Quizzed on likely price hikes this year, Lechner said they would be mid-single digit and being “substantially lower” than 2023. Lindt is expecting them to have less impact on volume.

Asked whether putting prices up again risked damaging consumer sentiment, Lechner said: “We are always cautious when it comes to price increases but our brands are very resilient. They are strong and have a loyal customer base. We don’t think we are overdoing it with price increases.”

Lechner said no decisions have been made yet as to the level of price increases in 2025.

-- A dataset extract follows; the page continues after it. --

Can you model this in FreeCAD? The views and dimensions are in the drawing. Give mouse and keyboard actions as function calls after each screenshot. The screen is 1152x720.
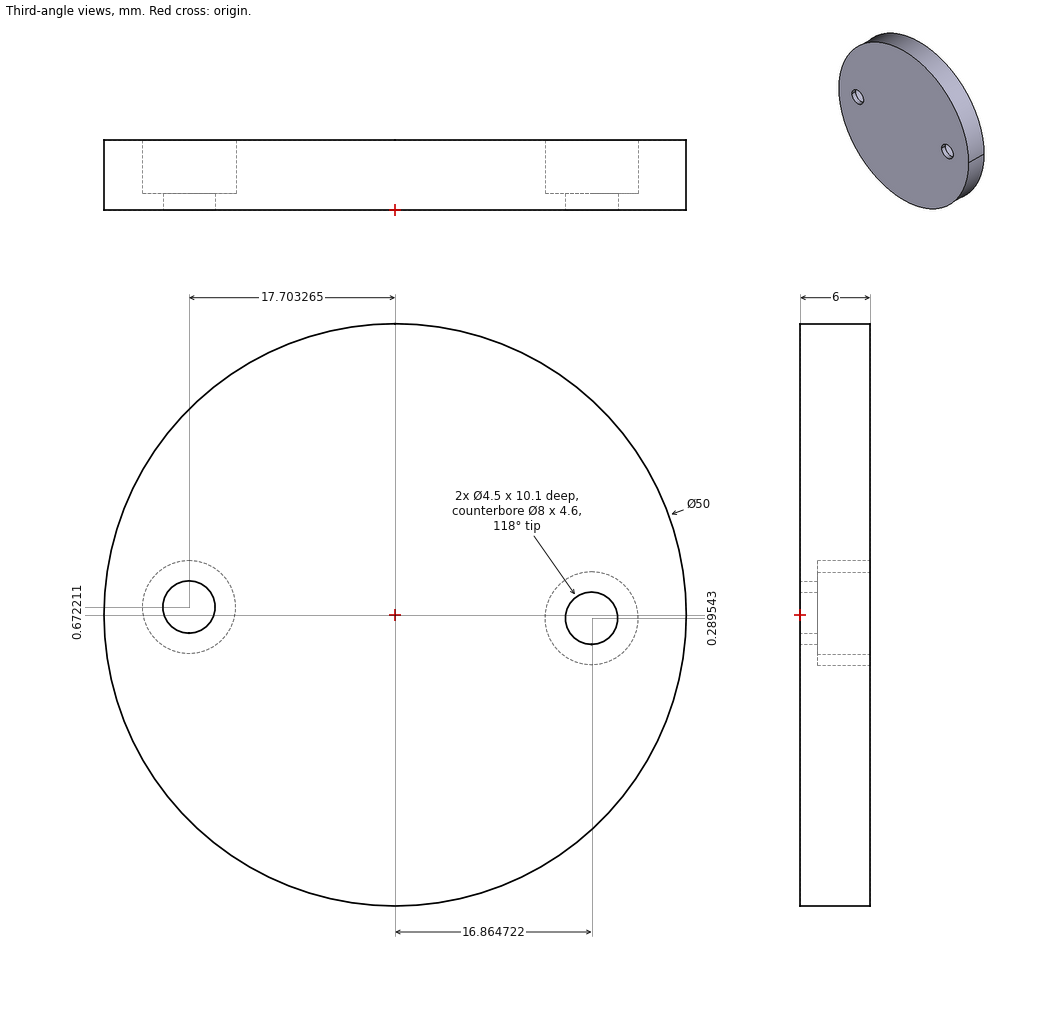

As expected, Europe was the region with the highest sales for Lindt at Sfr2.41bn, up from Sfr2.30bn 12 months previously, while its North American segment increased sales to Sfr2.11bn from Sfr2.03bn in the previous year.

In the rest of the world segment, sales increased to Sfr0.68bn from Sfr0.65bn in the year prior, with Lindt highlighting its performance in China.

“Following the easing of Covid measures the Chinese economy recovered slowly, nevertheless, our business achieved a high single-digit growth, outperforming the stagnating Chinese chocolate market,” it said.

The company’s margins increased +60bps year-on-year to 15.6%, slightly ahead of earlier guidance.

Analysts at Bernstein commented: “The resilience in Lindt’s margin demonstrates their remarkable pricing power in the face of recent dramatic cocoa price inflation. This is exactly what investors want to see from a high-quality staples business.”

Lindt & Sprüngli confirmed its target for organic growth of 6% to 8% for this year.

A number of food giants have indicated high cocoa prices are likely to affect their pricing strategies for the year, such as Orkla, Unilever, and Mondelez.